To serve any model using Sagemaker managed inference endpoints, you will need to implement two key components in your training script: loading trained model and model serving. Sagemaker supports following Python methods to implement these components:

- **model_fn()** - This method deserialize model artifacts into trained model which will be used during inference. If you don’t provide a model_fn function, the model server uses a default model_fn function. The default function works with MXNet Module model objects saved via the default save function. As in this lab we are using built-in GluonTS model and not MXNet Module model, we'll need to implement custom **model_fn**.

- **transform_fn(model, request_body, content_type, accept_type)** - This method request from end user and returns predictions. This one function should handle processing the input, performing a prediction, and processing the output. The return object should be one of the following: 
    - a tuple with two items: the response data and accept_type (the content type of the response data), OR
    - the response data: (the content type of the response is set to either the accept header in the initial request or default to “application/json”)

See more details on preparing inference script for Sagemaker endpoint [here](https://sagemaker.readthedocs.io/en/stable/using_mxnet.html#for-versions-1-3-and-higher).

In [None]:
from sagemaker.predictor import json_serializer, json_deserializer

predictor = mxnet_estimator.deploy(initial_instance_count=1, 
                                   instance_type="ml.c4.xlarge",
                                   endpoint_name="gluonts"
                                  )

In [None]:
from sagemaker.predictor import json_serializer, json_deserializer

# Prepare data to send over wire for forecasting
test_entry = next(iter(dataset.test))
test_series = to_pandas(test_entry)
json_data = test_series.to_json()

# Parameters of Sagemaker predictors
predictor.content_type = 'application/json'
predictor.deserializer = json_deserializer
predictor.serializer = None

# Calling predictor
result = predictor.predict(json_data)

Now let's plot our predictions along with historical data.

In [None]:
historic_72 = test_series.tolist()[-72:]
predicted_24 = result['predictions']

plt.plot(np.arange(72), historic_72)
plt.plot(np.arange(72, 96), predicted_24)
plt.legend(['historic data for 72hr', 'prediction for 24hr'], loc='upper right')
plt.ylabel('kWh')
plt.xlabel('hours')

plt.show()

In the end, let's delete forecasting endpoint not avoid any extra costs.

In [None]:
predictor.delete_endpoint()

# HyperParameter Optimization (optional)

Amazon SageMaker automatic model tuning, also known as hyperparameter tuning, finds the best version of a model by running many training jobs on your dataset using the algorithm and ranges of hyperparameters that you specify. It then chooses the hyperparameter values that result in a model that performs the best, as measured by a metric that you choose.
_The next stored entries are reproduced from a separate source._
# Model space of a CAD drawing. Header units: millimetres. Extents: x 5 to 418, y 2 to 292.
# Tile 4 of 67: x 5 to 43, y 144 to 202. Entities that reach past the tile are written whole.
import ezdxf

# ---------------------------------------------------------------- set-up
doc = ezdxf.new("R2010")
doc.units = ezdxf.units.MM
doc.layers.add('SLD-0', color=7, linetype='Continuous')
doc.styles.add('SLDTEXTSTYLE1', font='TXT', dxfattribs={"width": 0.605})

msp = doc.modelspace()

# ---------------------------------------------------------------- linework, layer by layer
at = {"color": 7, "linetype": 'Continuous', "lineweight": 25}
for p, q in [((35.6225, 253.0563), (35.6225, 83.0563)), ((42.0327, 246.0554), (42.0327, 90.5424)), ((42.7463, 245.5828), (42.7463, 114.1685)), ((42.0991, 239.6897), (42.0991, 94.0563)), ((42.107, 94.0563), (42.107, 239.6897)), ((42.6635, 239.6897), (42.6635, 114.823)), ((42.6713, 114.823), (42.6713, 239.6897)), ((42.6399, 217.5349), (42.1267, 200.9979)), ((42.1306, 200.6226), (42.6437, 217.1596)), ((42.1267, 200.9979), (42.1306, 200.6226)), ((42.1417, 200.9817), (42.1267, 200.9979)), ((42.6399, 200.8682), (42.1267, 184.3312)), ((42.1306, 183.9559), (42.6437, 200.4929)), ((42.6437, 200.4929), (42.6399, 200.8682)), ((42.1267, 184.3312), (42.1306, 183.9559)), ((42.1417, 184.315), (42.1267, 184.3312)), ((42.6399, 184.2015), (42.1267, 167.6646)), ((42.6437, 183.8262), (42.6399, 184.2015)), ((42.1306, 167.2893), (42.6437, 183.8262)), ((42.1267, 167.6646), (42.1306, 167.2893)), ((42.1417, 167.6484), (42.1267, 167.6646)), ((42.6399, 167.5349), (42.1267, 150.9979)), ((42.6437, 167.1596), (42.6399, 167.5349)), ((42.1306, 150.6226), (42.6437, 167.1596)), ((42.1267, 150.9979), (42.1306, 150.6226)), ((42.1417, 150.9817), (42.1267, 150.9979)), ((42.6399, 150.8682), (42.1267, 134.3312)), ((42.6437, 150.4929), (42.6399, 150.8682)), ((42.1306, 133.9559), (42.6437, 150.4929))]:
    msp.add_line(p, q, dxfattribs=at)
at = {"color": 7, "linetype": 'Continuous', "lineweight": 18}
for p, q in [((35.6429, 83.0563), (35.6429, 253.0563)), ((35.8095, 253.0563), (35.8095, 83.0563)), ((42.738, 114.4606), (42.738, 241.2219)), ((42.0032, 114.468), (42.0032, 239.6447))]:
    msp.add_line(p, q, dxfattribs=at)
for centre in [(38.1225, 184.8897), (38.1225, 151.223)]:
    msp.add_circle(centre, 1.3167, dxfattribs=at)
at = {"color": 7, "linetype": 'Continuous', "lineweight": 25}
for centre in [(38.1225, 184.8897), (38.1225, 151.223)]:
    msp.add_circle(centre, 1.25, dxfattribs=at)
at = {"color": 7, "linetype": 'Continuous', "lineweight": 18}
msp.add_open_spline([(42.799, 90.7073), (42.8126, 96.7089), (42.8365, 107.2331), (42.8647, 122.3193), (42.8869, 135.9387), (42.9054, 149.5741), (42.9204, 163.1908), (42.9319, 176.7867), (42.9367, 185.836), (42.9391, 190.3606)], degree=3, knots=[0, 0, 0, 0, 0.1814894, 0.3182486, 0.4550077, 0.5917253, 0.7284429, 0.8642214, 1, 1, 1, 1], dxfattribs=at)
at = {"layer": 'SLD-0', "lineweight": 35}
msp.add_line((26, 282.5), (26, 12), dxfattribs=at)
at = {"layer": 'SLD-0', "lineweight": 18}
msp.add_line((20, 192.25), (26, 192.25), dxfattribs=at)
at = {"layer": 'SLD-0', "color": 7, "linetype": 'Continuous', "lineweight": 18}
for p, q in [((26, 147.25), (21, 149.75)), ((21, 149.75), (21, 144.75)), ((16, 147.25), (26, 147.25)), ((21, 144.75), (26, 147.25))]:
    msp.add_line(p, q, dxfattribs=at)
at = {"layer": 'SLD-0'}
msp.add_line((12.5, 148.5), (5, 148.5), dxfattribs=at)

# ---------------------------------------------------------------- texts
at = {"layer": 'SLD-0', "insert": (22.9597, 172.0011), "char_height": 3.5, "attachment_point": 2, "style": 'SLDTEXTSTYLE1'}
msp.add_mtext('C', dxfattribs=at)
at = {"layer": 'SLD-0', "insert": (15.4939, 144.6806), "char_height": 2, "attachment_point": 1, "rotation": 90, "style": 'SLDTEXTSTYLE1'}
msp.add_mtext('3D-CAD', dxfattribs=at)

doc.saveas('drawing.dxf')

Let's schedule tuning job and explore which combination of hypterparameters leads to better results.

**Note**: hyperparameter tuning will take significant time. You can manage training time by chaning max_jobs and max_parallel_jobs.

In [None]:
# Define ranges for tunable parameters. Note, some of parameters have logarithmic scale.
hyperparameter_ranges = {
    'context-length' : IntegerParameter(12, 70),
    'dropout' :  ContinuousParameter(0, 0.5),
    'num-layers' : IntegerParameter(1, 20, scaling_type='Logarithmic'),
    'num-cells' : IntegerParameter(20, 200, scaling_type='Logarithmic'),
    'use-static-features': CategoricalParameter([True, False])
}

# Define metrics which Sagemaker needs to capture during training.
metric_definitions = [{'Name': 'final-loss', 'Regex': 'Final loss: ([0-9\.]+)'},
                      {'Name': 'avg-epoch-loss', 'Regex': 'avg_epoch_loss=([0-9\.]+)' },
                      {'Name': 'MASE', 'Regex': '\'MASE\': ([0-9\.]+)'}, # mean absolute scaled error - mean absolute error of the forecast values, divided by the mean absolute error of the in-sample one-step naive forecast
                      {'Name': 'sMAPE', 'Regex': '\'sMAPE\': ([0-9\.]+)'}, # symmetric mean absolute percentage error
                      {'Name': 'RMSE', 'Regex': '\'RMSE\': ([0-9\.]+)'}, # root mean square error
                      {'Name': 'NRMSE', 'Regex': '\'NRMSE\': ([0-9\.]+)'}, # normalized root mean square error                      
                     ]


## LAB INSTRUCTIONS
- set **objective_metric_name** as 'NRMSE' - normalized root square error. Sagemaker will use this metric to define which combination of hyperparameters is the best;
- set **max_parallel_jobs** as 2 - this is number of remote nodes which Sagemaker will use for training;
- set **max_jobs** as 10 - this is total number of training jobs and hyperparameter combinations which Sagemaker will execute;
- set **'epochs'** as '5' - this number of epochs in each training jobs.

In [None]:
objective_metric_name =      # follow instructions above

hpo_model = MXNet(entry_point=entry_point,
          source_dir=source_dir,
          py_version='py3',
          role=role, 
          train_instance_count=1, 
          train_instance_type=train_instance_type,
          hyperparameters={
              'epochs' :      , # follow instructions above
              'use-static-features' : False,
          },
          input_mode='File',
          train_max_run=7200,
          framework_version='1.6.0')


hpo_tuner = HyperparameterTuner(hpo_model,
                            objective_metric_name,
                            hyperparameter_ranges,
                            metric_definitions,
                            max_jobs=           , # follow instructions above
                            max_parallel_jobs=  , # follow instructions above
                            objective_type="Minimize"
                           )

# HPO training
hpo_tuner.fit(inputs=s3_data_uri)

## Summary of Lab
During this lab you learned following:
- how to work preprocess time-series data using GluonTS;
- how to use built-in models in GluonTS and DeepAR specifically;
- how to do distirbuted training and hyperparameter tuning using Sagemaker.